A Memory Model for C++: Sequential Consistency for Race-Free Programs

This is analogous to the corresponding theorem for Java, though some of the proof details differ.

Main Claim: If a program allows no data races on a given input, and the only synchronization operations are

1. Sequentially consistent atomics, and
2. Simple lock and unlock operations with acquire and release semantics respectively,

Assumptions about Synchronization Operations:

We assume that there exists a single strict (irreflexive) total "synchronization order" S on operations on both locks and atomic objects, such that:

1. S is consistent with the is-sequenced-before orders of evaluations performed by each thread, i.e. the transitive closure of the union of is-sequenced-before relations and the synchronization order remains irreflexive.
2. S is consistent with the modification order of each atomic variable, i.e. the modification orders are just S restricted to operations on that variable.
3. Lock acquisitions and releases for a given lock alternate in S.
4. For every lock acquisition in S the immediately following release of that lock is performed by the same thread.
5. Each load operation performed on an atomic object yields the value of the immediately preceding (in S) store to that atomic object.

Note that if we had just locks, it would suffice to insist on a total order of the operations on each lock. If these orders were inconsistent, i.e. their union together with the sequenced-before relation resulted in a cycle, we would get a cycle in the happens-before relation, disallowing that particular execution.

However this is not true for the combination of atomics and locks. Consider the following example (a variation on the standard Dekker's algorithm example), where l is a lock, x is a normal variable and initially zero, y is atomic and initially zero:

Thread1	Thread2
a: lock l;    x = 1; b: unlock l; c: r1 = y;	d: y = 1; e: lock l;    r2 = x; f: unlock l;

It is possible to arrange the lock operations in a total order e < f < a < b and the atomic operations in a total order c < d that together allow an execution in which r1 = r2 = 0 without introducing a happens-before cycle. (Note that we do not have c hb d, as we would if y were protected by a lock like x.) However such an execution is clearly not sequentially consistent.

Perhaps the right way to reflect this in the specification is to state that operations on each lock must occur in some total order (with the right alternation constraint), and all operations on sequentially consistent atomics must occur in some total order that is also consistent with the happens-before ordering imposed by the lock operations.

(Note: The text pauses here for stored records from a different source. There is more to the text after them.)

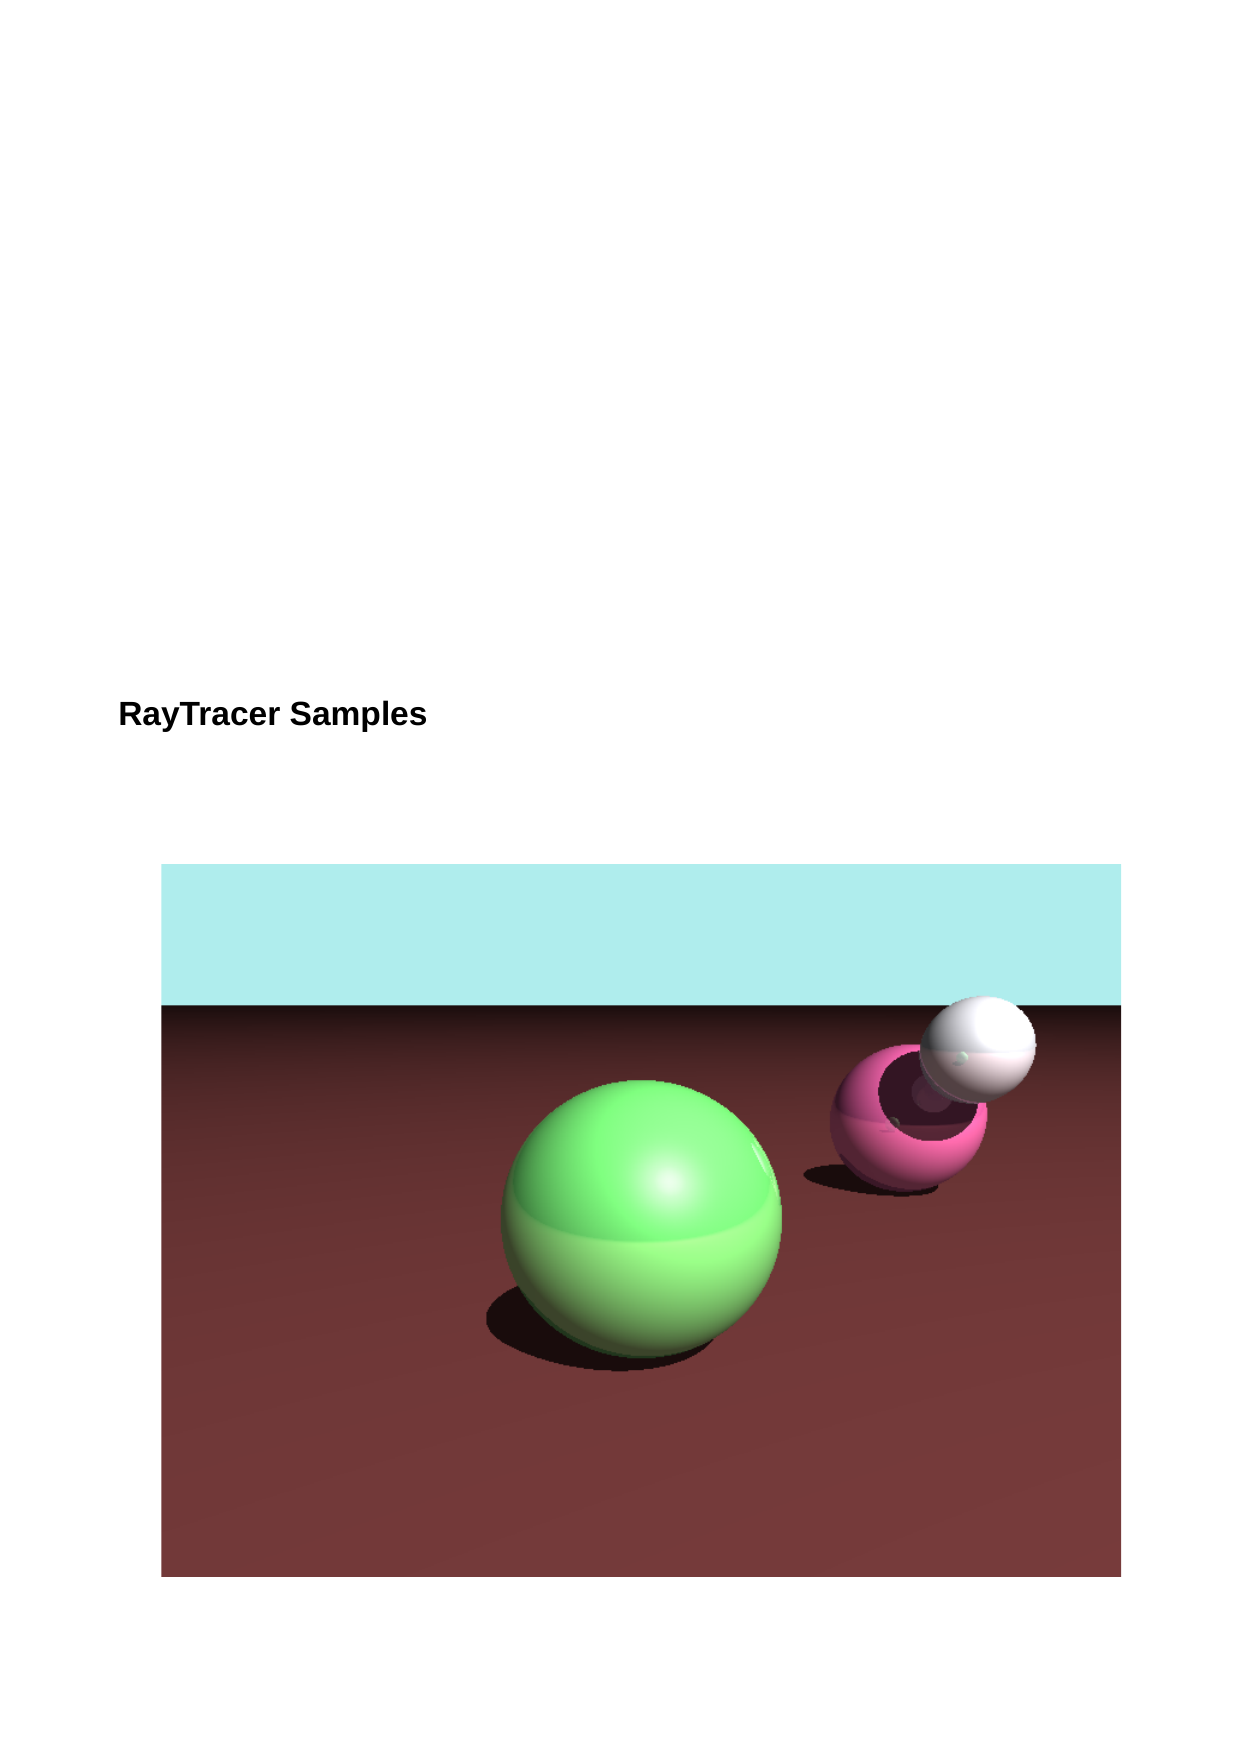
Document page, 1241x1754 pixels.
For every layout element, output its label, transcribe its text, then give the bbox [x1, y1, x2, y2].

picture [161, 864, 1122, 1577]
subtitle RayTracer Samples [118, 694, 1122, 733]
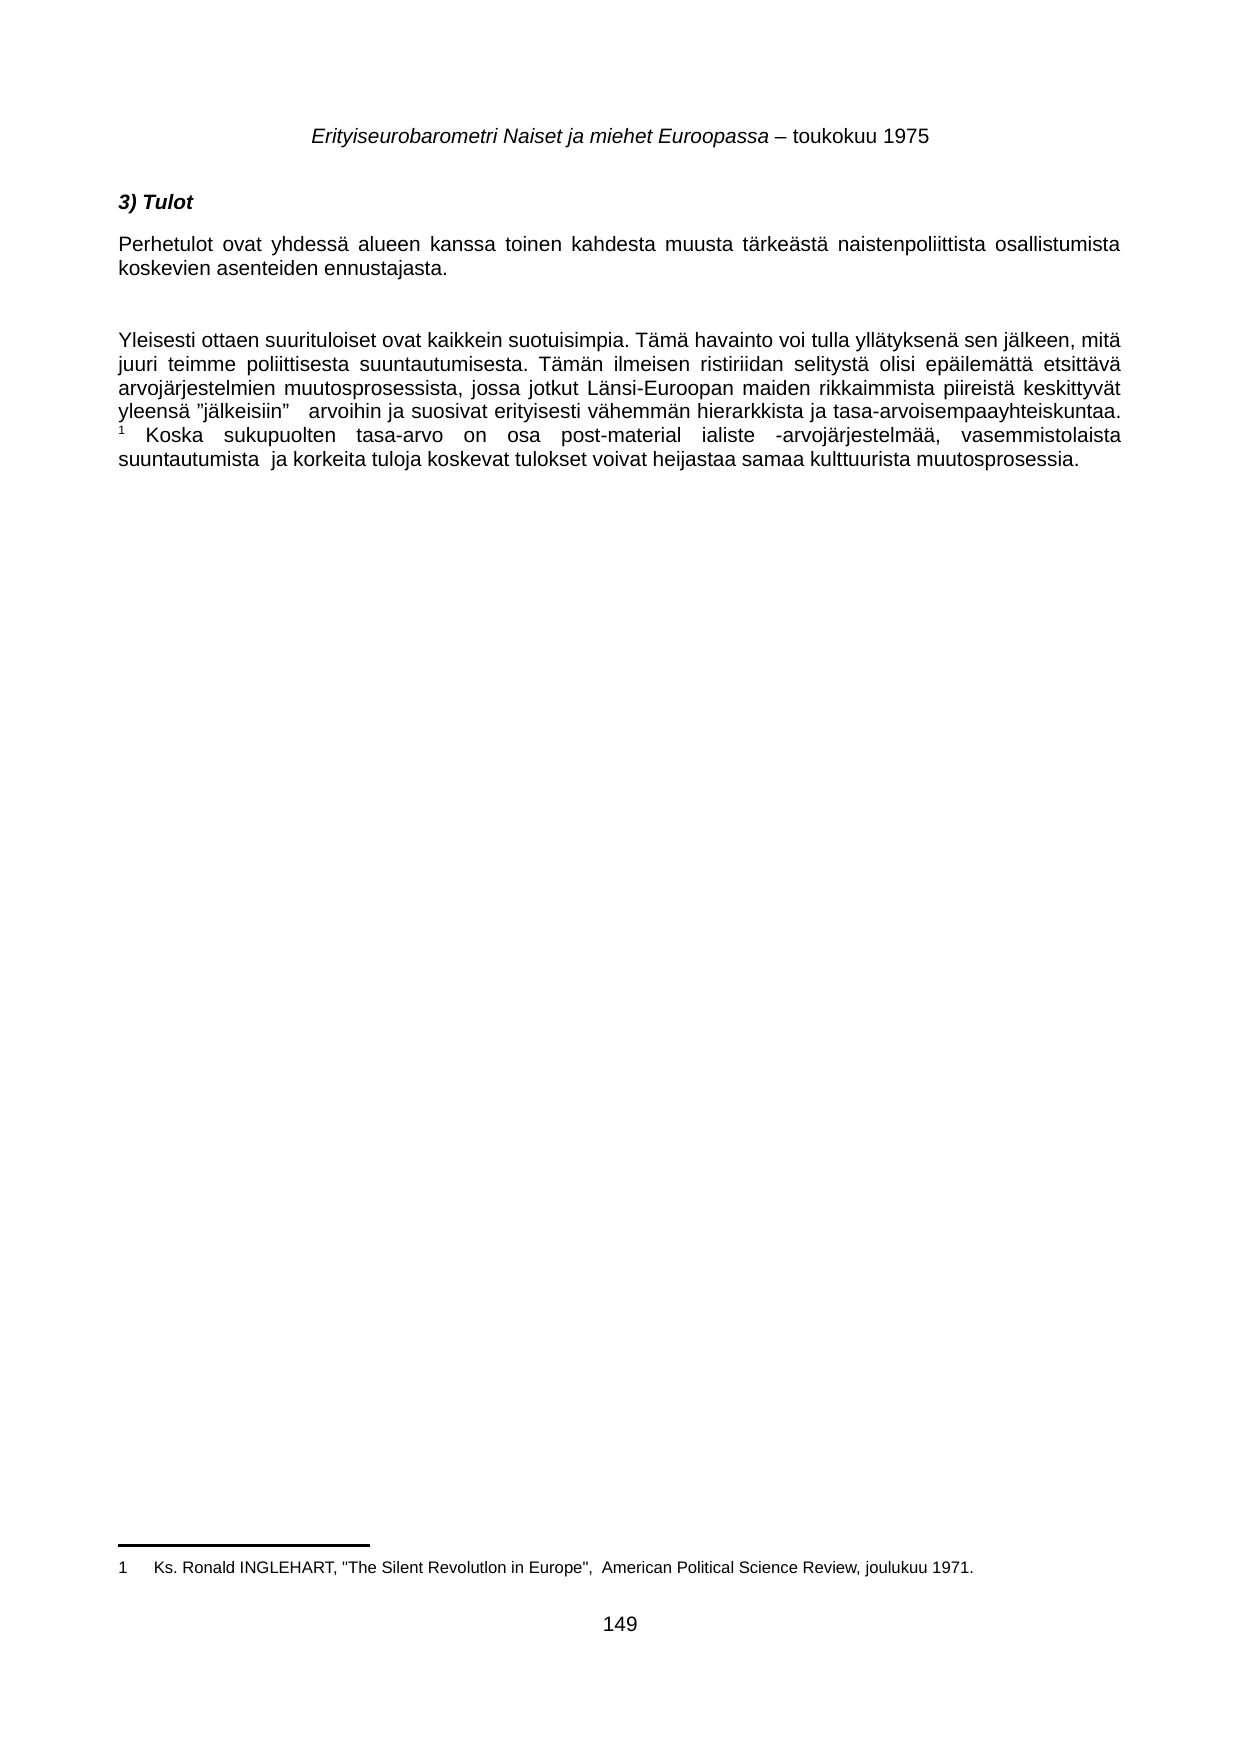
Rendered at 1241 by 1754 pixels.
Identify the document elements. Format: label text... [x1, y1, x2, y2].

text Perhetulot ovat yhdessä alueen kanssa toinen kahdesta muusta tärkeästä naistenpoliittista osallistumista koskevien asenteiden ennustajasta. [118, 232, 1122, 280]
text Yleisesti ottaen suurituloiset ovat kaikkein suotuisimpia. Tämä havainto voi tulla yllätyksenä sen jälkeen, mitä juuri teimme poliittisesta suuntautumisesta. Tämän ilmeisen ristiriidan selitystä olisi epäilemättä etsittävä arvojärjestelmien muutosprosessista, jossa jotkut Länsi-Euroopan maiden rikkaimmista piireistä keskittyvät yleensä ”jälkeisiin” arvoihin ja suosivat erityisesti vähemmän hierarkkista ja tasa-arvoisempaayhteiskuntaa. Koska sukupuolten tasa-arvo on osa post-material ialiste -arvojärjestelmää, vasemmistolaista suuntautumista ja korkeita tuloja koskevat tulokset voivat heijastaa samaa kulttuurista muutosprosessia. [118, 327, 1122, 471]
text Ks. Ronald INGLEHART, "The Silent Revolutlon in Europe", American Political Science Review, joulukuu 1971. [118, 1557, 1122, 1577]
subtitle 3) Tulot [118, 190, 1122, 214]

Note that the synchronization order is a superset of the "synchronizes-with" relation.

Preliminaries:

Let the hb+ relation be the transitive closure of the union of the is-sequenced-before relations and the synchronization order. Note that since happens-before is the transitive closure of the union of inter-thread-ordered-before and synchronizes-with, which are respectively subsets of the two relations used in the definition of hb+, hb+ is a superset of happens-before.

By our constraints on the synchronization order, hb+ is irreflexive.

Proof Of Main Claim:

Again consider a particular execution on the given input, which is "consistent" according to the rules of N2171.

It follows that the corresponding hb+ is an irreflexive partial order, which we can extend to a strict total order T.

Clearly the actions of each thread appear in T in thread order, i.e. in is-sequenced-before order.

It remains to be shown that each load sees the last preceding store in T that stores to the same location. (For present purposes we view bit-field stores as loading and then storing into the entire "location", i.e. contiguous sequence of non-zero-length bit-fields.)

Consider a store operation S_visible seen by a load L.

If L and S_visible are performed by the same thread, then S_visible must be sequenced before L to be consistent with the intra-thread sequencing rules. Hence S_visible hb+ L.

Next consider the case in which they are performed by different threads.

If L happens before S_visible, we have both L precedes S_visible, and S_visible precedes L, and therefore L precedes L, which is impossible.

If neither of S_visible and L happen before each other, there is a data race, again violating our assumption.

Thus S_visible must happen before L, and thus in all cases S_visible hb+ L, and they are correspondingly ordered in T.

Now assume that another store S_middle appears between S_visible and L in T.

We know from the fact that T is an extension of hb+, that we cannot have either of

L hb+ S_middle

S_middle hb+ S_visible

since that would be inconsistent with the reverse ordering in T.

However all three operations conflict and we have no data races. Hence they must all be ordered by happens-before and thus hb+. But this violates the second clause of 1.10p10, the definition of a consistent execution, concluding the proof.

I believe this also holds if a data race is defined as a store occurring simultaneously with (or adjacent to in a sequential interleaving) a load or a store, so long as we restrict synchronization operations to simple locks without a trylock primitive. See Boehm, "Reordering Constraints for Pthread-Style Locks" for details.

None of the above applies if we allow load_acquire and store_release operations, since the synchronization operations themselves may not behave in a sequentially consistent manner. In particular, consider the following example from the strawman proposal:

Thread1	Thread2
store_release(&y, 1); r1 = load_acquire(&x);	store_release(&x, 1); r2 = load_acquire(&y);

This allows r1 = r2 = 0, where sequential consistency (and Java) do not.